Seorang buronan, menurut Bagir, adalah golongan
orang-orang yang melawan hukum. Oleh karena itu, putusan bebas bagi Sudjiono
Timan dia nilai sebagai bentuk pelecehan hukum.
Kenyataan tersebut jelas sangat bertolak belakang
dengan yang dialami seorang anak dibawah umur di Palu, Sulawesi Tengah, pada
2012. Gara-gara dituduh mencuri sandal jepit oleh seorang polisi, setelah
mendekam di tahanan selama beberapa bulan, dia dinyatakan bersalah oleh hakim.
Palu. Meski vonisnya ringan, anak di bawah umur itu akan menyadang status bekas
narapidana seumur hidup.
Lain lagi dengan nenek Minah (55 tahun). Pada 2009,
setelah ditahan selama tiga bulan, dia diganjar satu bulan 15 hari oleh
pengadilan negeri Purwokerto, Jawa Tengah. Kesalahannya, mencuri tiga buah
kakao milik milik PT Rumpun Sari Antan (RSA).

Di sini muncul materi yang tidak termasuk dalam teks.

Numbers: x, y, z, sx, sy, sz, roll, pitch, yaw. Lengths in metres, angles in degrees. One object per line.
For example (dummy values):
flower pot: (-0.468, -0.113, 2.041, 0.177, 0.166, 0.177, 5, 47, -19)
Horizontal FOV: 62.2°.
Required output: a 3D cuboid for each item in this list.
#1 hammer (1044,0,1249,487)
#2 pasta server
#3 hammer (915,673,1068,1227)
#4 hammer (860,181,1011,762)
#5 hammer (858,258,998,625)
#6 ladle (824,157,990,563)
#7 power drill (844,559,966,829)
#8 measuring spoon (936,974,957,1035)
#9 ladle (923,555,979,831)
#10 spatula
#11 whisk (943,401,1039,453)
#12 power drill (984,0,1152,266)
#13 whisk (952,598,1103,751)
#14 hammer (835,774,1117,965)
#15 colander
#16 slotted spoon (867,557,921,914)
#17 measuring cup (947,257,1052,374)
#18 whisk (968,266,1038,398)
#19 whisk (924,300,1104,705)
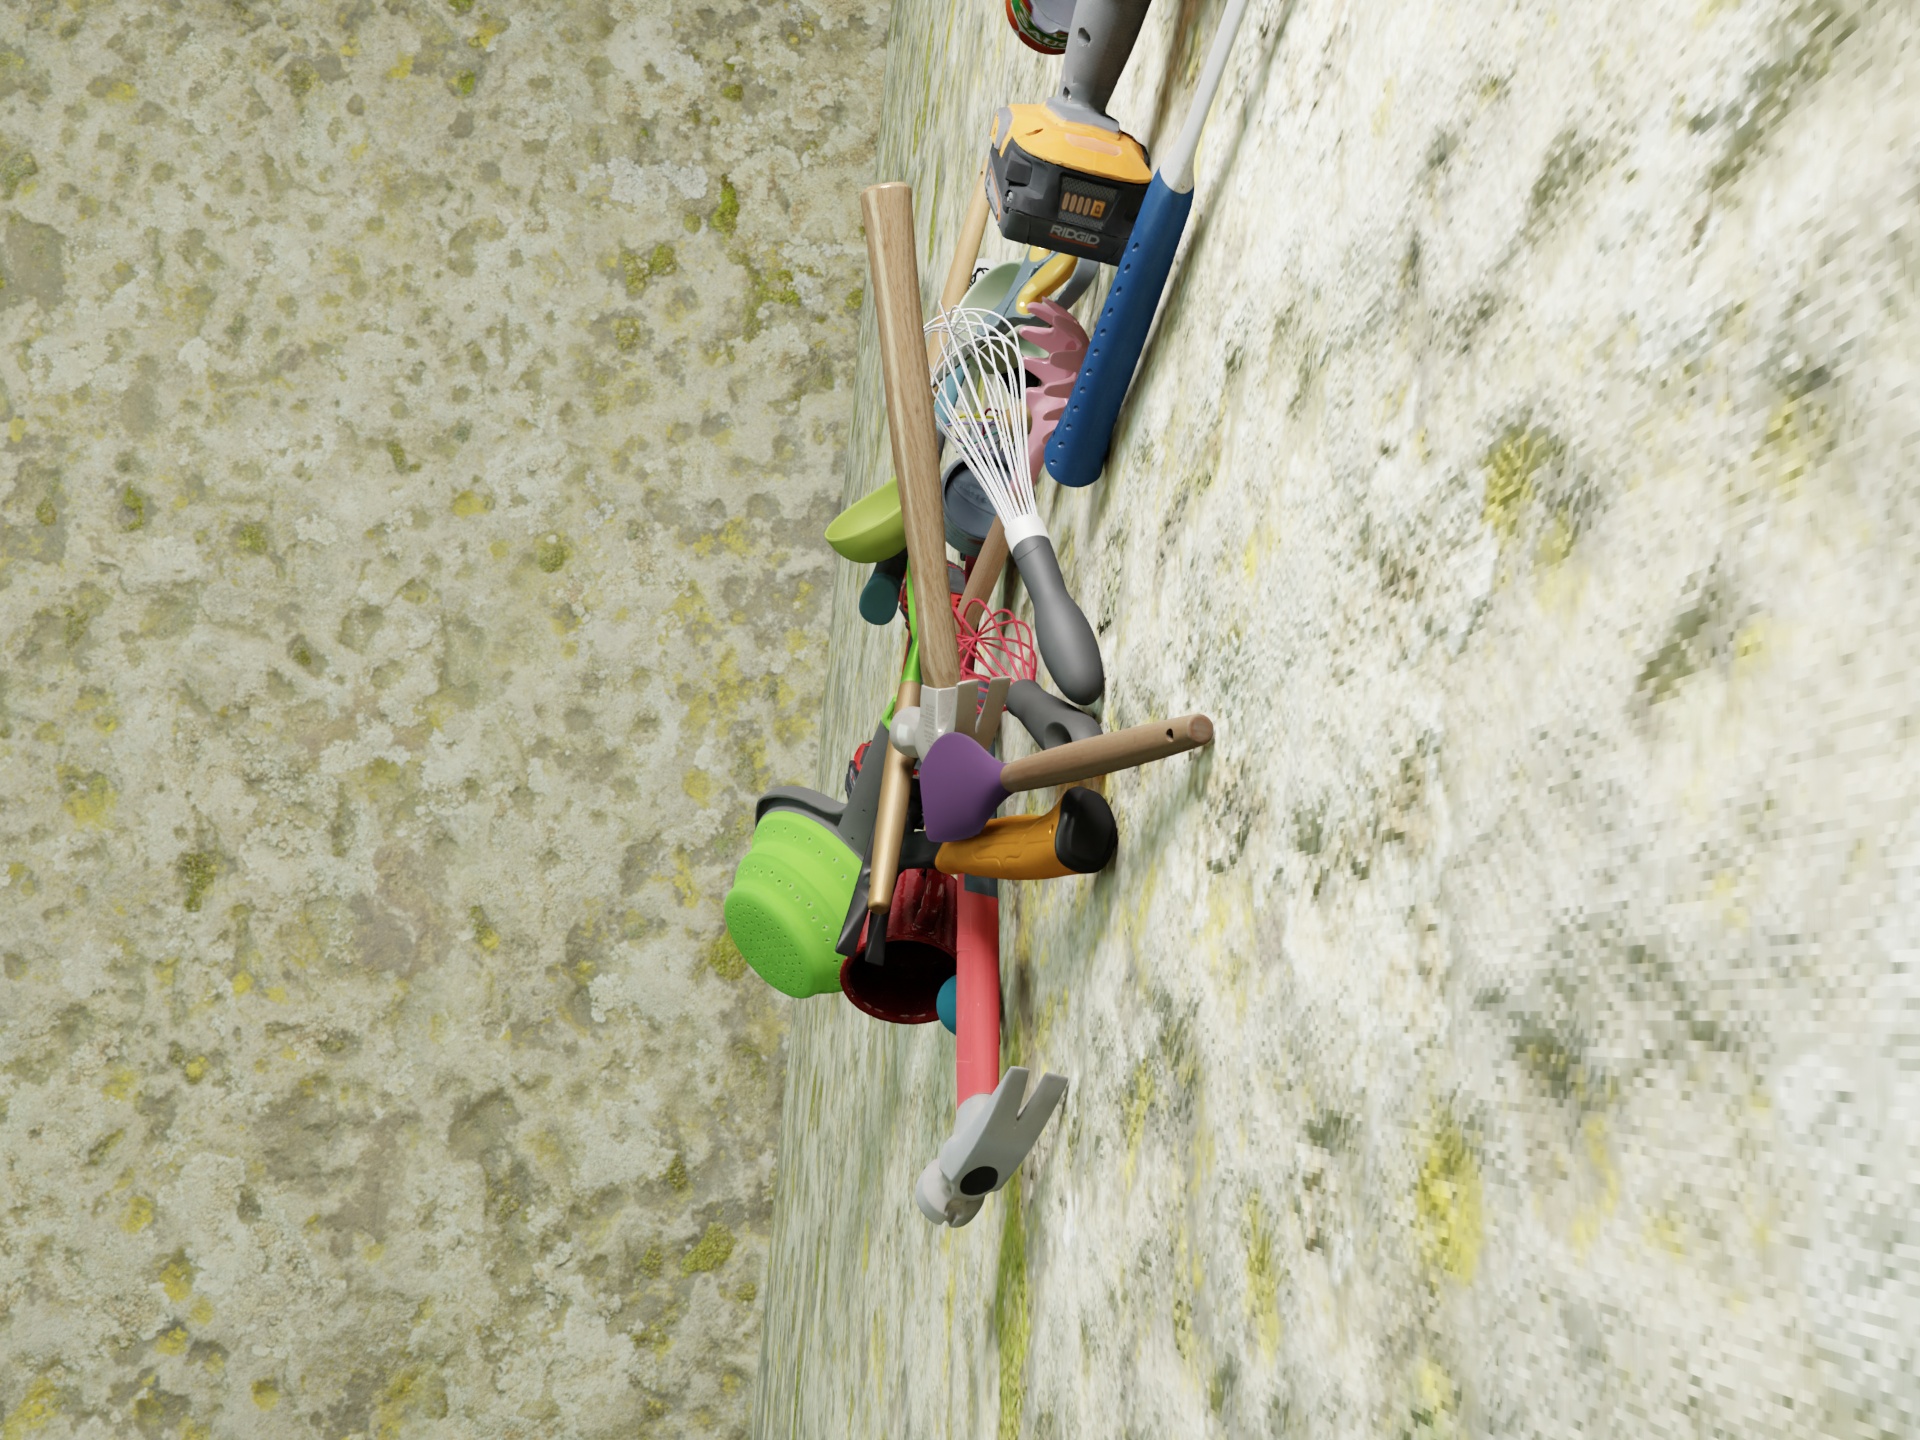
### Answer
hammer: (0.100, -0.250, 0.714, 0.405, 0.035, 0.144, 109, 165, -54)
pasta server: (0.023, -0.129, 1.024, 0.316, 0.040, 0.060, 113, 151, -43)
hammer: (0.016, 0.101, 0.975, 0.387, 0.038, 0.143, -90, 20, -46)
hammer: (-0.023, -0.132, 0.900, 0.130, 0.031, 0.331, -163, 65, -67)
hammer: (-0.025, -0.221, 1.304, 0.128, 0.033, 0.331, 110, 177, -59)
ladle: (-0.029, -0.271, 1.192, 0.078, 0.062, 0.320, 16, 90, 59)
power drill: (-0.037, -0.029, 1.328, 0.143, 0.078, 0.219, -124, 44, -75)
measuring spoon: (-0.004, 0.229, 1.037, 0.042, 0.021, 0.128, -65, -26, -87)
ladle: (-0.002, -0.004, 1.157, 0.069, 0.031, 0.315, -118, 38, -76)
spatula: (0.036, 0.023, 0.776, 0.316, 0.018, 0.060, 161, 103, -67)
whisk: (0.036, -0.203, 1.112, 0.245, 0.051, 0.047, -164, 60, -77)
power drill: (0.080, -0.346, 0.782, 0.186, 0.084, 0.226, -99, 22, -59)
whisk: (0.032, -0.018, 0.932, 0.296, 0.073, 0.073, -132, 49, -70)
hammer: (0.003, 0.081, 0.910, 0.337, 0.034, 0.127, -18, 54, 69)
colander: (-0.108, 0.117, 1.263, 0.094, 0.204, 0.396, -37, -17, -35)
slotted spoon: (-0.035, -0.001, 1.032, 0.070, 0.031, 0.314, 101, 177, -45)
measuring cup: (0.047, -0.252, 1.062, 0.083, 0.038, 0.168, -52, 37, 11)
whisk: (0.025, -0.289, 1.195, 0.239, 0.055, 0.055, -106, 24, -57)
whisk: (0.027, -0.127, 0.888, 0.070, 0.070, 0.285, 109, 149, -55)

Tiga nelayan Pandeglang, Banten, yang kepergok
menangkap 4 ekor udang di kawasan cagar alam bernasib mirip dengan Minah.
Mereka terpaksa mendekam dibui selama tiga bulan sampai sidang pengadilan
digelar. Ditengah kecaman demikian hebat terhadap cara penganganan kasus
tersebut, pada Januari lalu para nelayan tersebut divonis bebas.
Bagaikan kasus besar, kasus nenek Rasminah yang
dituduh mencuri 6 buah piring oleh majikannya pada 2012, bahkan dibawa oleh
pihak kejaksaan sampai ke tingkat Mahkamah Agung. Rasminah pun akhirnya dijauhi
human empat bulan 10 hari. Kegigihan jaksa dalam menangani perkara yang
sesungguhnya bisa didamaikan di kantor Satpam atau polisi ini, tentu saja
menuai banyak kecaman.
Oleh pakar hukum tata-negara Jimly Assiddiqie vonis
terhadap Rasminah adalah bukti bahwa orientasi penegak hukum adalah menjalankan
peraturan, bukan menegakkan keadilan.
Melihat itu semua, ketua Mahkamah Agung (MA) Harifin
Andi Tumpa beberapa waktu lalu mengimbau agar para hakim tidak menggunakan kaca
mata kuda ketika menjalankan tugas. Nilai-nilai keadilan yang tumbuh di
masyarakat, katanya, juga harus diperhatikan.
Masalahnya, tak sedikit dari penegak hukum lebih suka
memperhatikan keuntungan pribadi ketimbang pengadilan.